Monday, January 29, 2007

Mixed Content : Trying to understand the JSON thing

Doug Crockford on JSON. I see a lot of this JSON v. XML stuff going on...most of the time, mixed content doesn't get considered in the discussions. I don't see it mentioned in Dave's writing but I could be wrong...

Anyway, I think MIXED CONTENT is verrrry significant and gets to the heart of the difference between XML and ... most other data representation languages.

Here is XML's sweet spot (using square brackets to keep everything un-mungable by the angle-bracket chewers in my current tool chain):

[p]We [b]wish [i]you[/i] and yours[/b] a happy XMas.[/p]

XML of course, can also do this kind of data (again using square brackets for simplicity):

[person][first]Sean[/first][second]McGrath[/second][/person]

There are a trillion and one ways of representing the latter, most programming languages do it out-of-the-box. Here it is one way to do it in Python:

[{'first':'Sean','second':'McGrath'}]

Representing this latter type of data - fielded data - directly in a programming language syntax by-passes a bunch of "XML Situps" that would otherwise be required to marshall it in and out. Such techniques have their place. I use them all the time.

Handling the former though, requires what XML provides : mixed content.

If you absolutely, totally, never, ever will need mixed content then there are sane alternatives to XML. There always has been. from humble CSV up to fancier JSON/Python/Ruby direct data expression languages. If you want to use XML but long for an API that mirrors the simplicity of the XML subset you are using, use something that takes an elementtree style world view.

A huge chunk of the world doesn't need mixed content or even know what it is. They are the folks who look at the XML apis and wonder "why is this so difficult?", "where is the get_field_value()" function...

I think we missed a trick early on in the XML days. Its too late now I suspect.

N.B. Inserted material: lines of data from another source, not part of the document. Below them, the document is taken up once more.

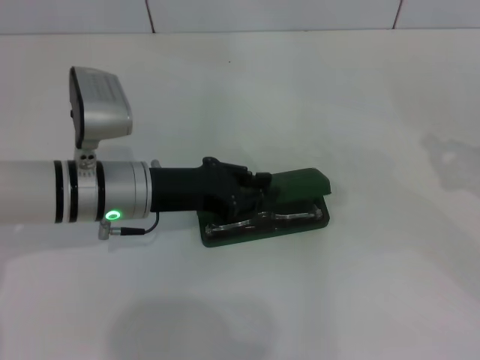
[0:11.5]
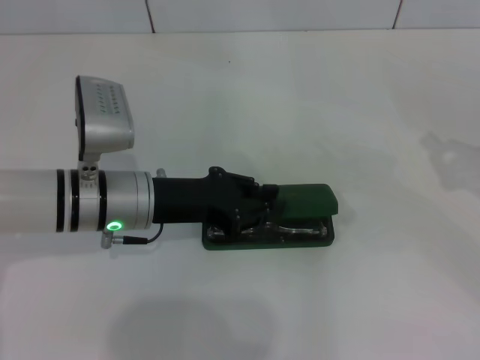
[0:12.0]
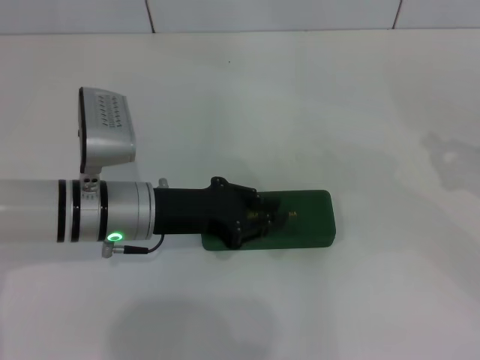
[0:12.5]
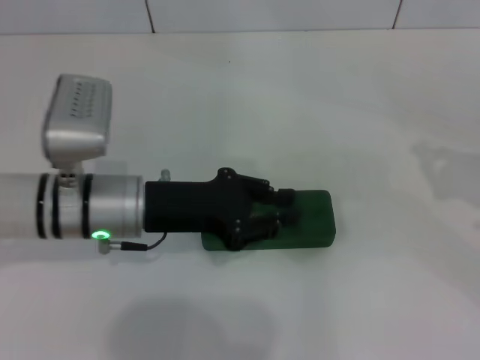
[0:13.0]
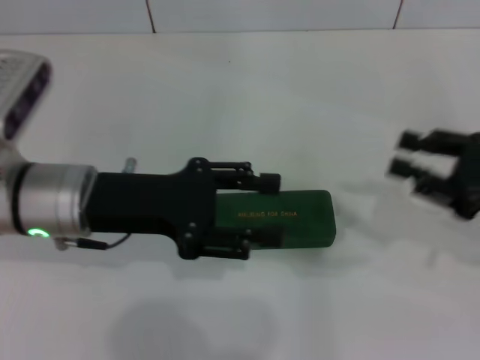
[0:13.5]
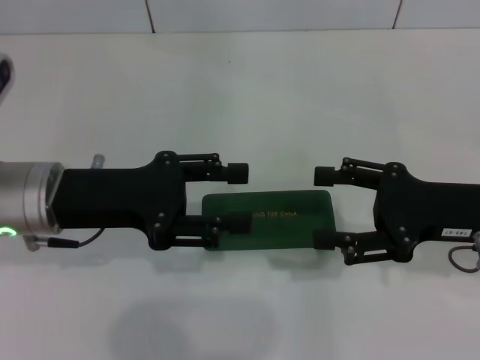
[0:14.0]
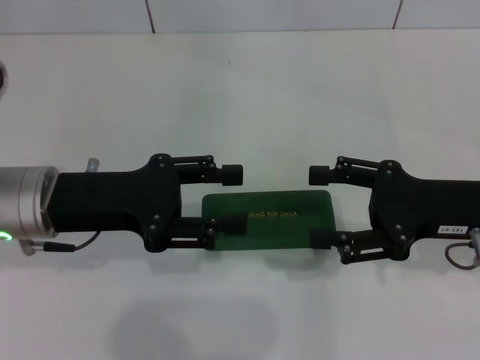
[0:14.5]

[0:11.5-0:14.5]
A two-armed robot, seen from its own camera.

We should have provided some way for an XML document to indicate data-centric content as opposed to document-centric content. That way, tools could swith to "obvious" field-oriented APIs (like RAX) for data-centric applications without loosing the powerful enabler of a single unifying syntax for open data representations.

It has always been a source of worry that folks with perfectly good relational data sets have felt compelled by buzz-pressure to put their content into XML - very little gain in the general case.

However, it has also always been a worry that a significant portion of XML's users think it is too complex because they do not, day-to-day, have to handle the mixed content case.

XML is, and always was, a document centric data representation language. See Mixed Content Myopia.

Now it can be argued that mixed content XML can be finessed into a field-oriented world view of sorts like this:

[p][text]We [/text][b][text]wish [/text][i][text]you[/text][/i][text] and yours[/text][/b][text] a happy XMas.[/text][/p]

True but (a) it sure is hard on the eyes. Maybe that's not a killer problem in these tool-centric days but (b) is a doozy:-

With the text element trick, there is no way to *name* individual text nodes uniquely. get_field_Value() doesn't make sense. All, in all, it just ain't worth it.

Hence, mixed content. Hence XML. If you need mixed content you really need it. If you don't need it, sometimes you cannot even conceptualise the problem it solves. And yes, mixed content totally complicates the lives of those who are using XML for data-centric applications.

The "standard" APIs of DOM and SAX handle the general case. They are extremely sub-optimal for the very common data-centric case. We have no current standard way to differentiate the former from the latter.

It would be a shame if this resulted in a "fork" in the road with fielded data, yet again, going off on its own trajectory with document-centric data staying on the XML road. Too much good stuff to be lost that way.

The nut that needs to be cracked to stop this happening is the Mixed Content Case nut.